* [Problem requirements] Give back an exact copy of the lines in the records below, from the line that has "Answer: Unreliable Sources" through the line that has "Answer: Consistent Supplies How does", and nothing besides.

─── Provided records

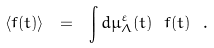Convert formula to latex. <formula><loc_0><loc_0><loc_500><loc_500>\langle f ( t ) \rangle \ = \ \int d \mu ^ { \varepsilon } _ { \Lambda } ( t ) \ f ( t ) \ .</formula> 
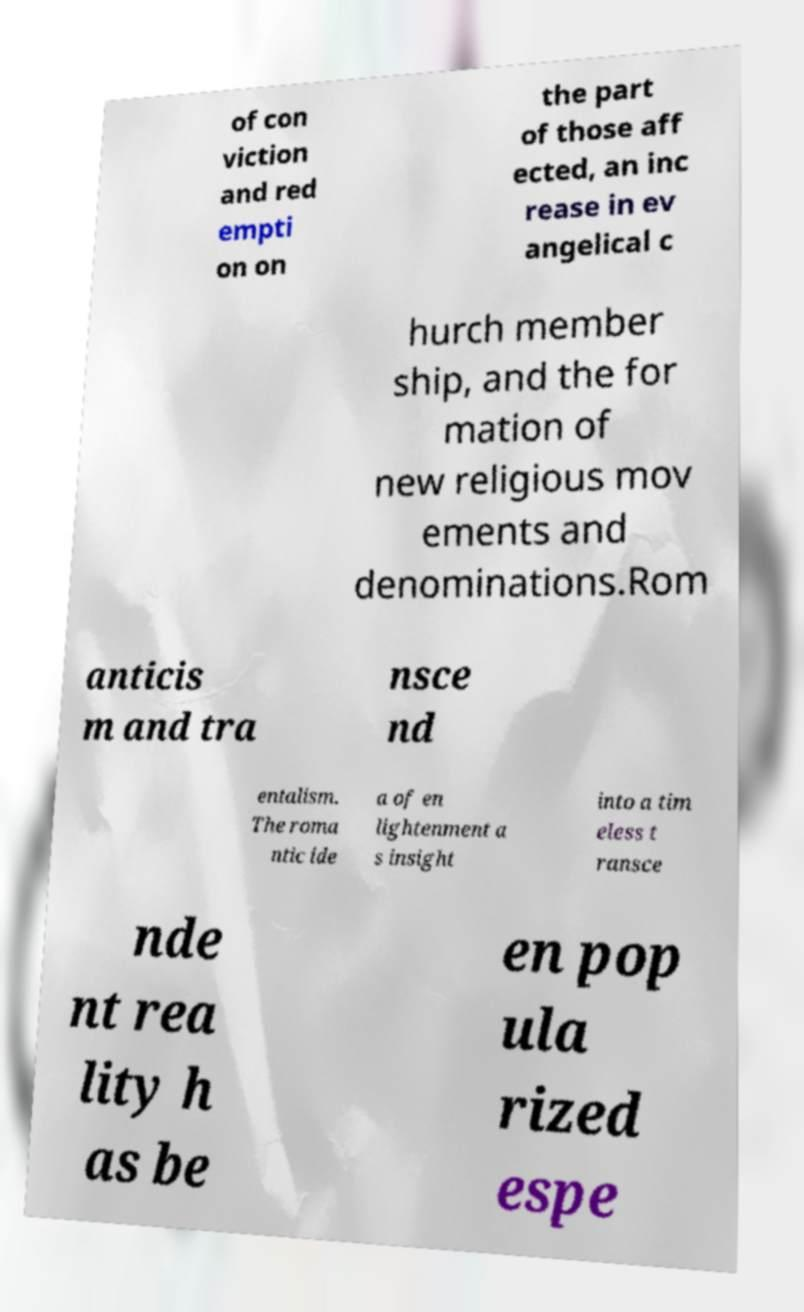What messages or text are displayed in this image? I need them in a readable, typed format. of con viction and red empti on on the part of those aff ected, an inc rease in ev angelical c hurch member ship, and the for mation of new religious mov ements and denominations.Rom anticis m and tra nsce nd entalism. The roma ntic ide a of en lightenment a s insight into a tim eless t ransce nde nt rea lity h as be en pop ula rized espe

──────
─── Provided records

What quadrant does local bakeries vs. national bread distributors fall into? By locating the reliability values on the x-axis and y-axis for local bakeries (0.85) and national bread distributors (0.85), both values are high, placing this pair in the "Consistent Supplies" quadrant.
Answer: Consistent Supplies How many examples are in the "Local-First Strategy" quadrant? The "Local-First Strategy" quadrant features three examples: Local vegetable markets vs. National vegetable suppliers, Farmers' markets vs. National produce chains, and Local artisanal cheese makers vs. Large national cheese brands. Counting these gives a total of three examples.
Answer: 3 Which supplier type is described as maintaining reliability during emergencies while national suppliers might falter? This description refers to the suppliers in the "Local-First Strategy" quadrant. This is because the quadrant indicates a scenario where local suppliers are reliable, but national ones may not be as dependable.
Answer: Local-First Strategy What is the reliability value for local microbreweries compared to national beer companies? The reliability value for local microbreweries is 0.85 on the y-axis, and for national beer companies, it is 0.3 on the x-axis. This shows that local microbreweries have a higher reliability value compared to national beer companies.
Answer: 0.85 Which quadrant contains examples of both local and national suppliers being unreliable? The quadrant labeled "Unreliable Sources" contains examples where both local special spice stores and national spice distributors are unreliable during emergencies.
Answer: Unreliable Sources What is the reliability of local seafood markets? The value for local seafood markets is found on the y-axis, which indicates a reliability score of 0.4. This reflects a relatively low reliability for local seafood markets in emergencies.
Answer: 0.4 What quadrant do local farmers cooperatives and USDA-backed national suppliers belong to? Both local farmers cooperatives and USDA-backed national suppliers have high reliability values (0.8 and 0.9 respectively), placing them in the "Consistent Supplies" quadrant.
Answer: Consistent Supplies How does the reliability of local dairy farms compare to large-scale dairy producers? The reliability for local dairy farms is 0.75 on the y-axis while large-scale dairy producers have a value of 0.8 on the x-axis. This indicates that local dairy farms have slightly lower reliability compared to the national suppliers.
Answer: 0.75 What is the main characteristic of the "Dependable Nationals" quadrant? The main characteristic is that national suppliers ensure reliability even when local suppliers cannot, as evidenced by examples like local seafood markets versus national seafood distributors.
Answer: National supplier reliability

──────

* [Written reply]
Answer: Unreliable Sources What is the reliability of local seafood markets? The value for local seafood markets is found on the y-axis, which indicates a reliability score of 0.4. This reflects a relatively low reliability for local seafood markets in emergencies.
Answer: 0.4 What quadrant do local farmers cooperatives and USDA-backed national suppliers belong to? Both local farmers cooperatives and USDA-backed national suppliers have high reliability values (0.8 and 0.9 respectively), placing them in the "Consistent Supplies" quadrant.
Answer: Consistent Supplies How does the reliability of local dairy farms compare to large-scale dairy producers? The reliability for local dairy farms is 0.75 on the y-axis while large-scale dairy producers have a value of 0.8 on the x-axis. This indicates that local dairy farms have slightly lower reliability compared to the national suppliers.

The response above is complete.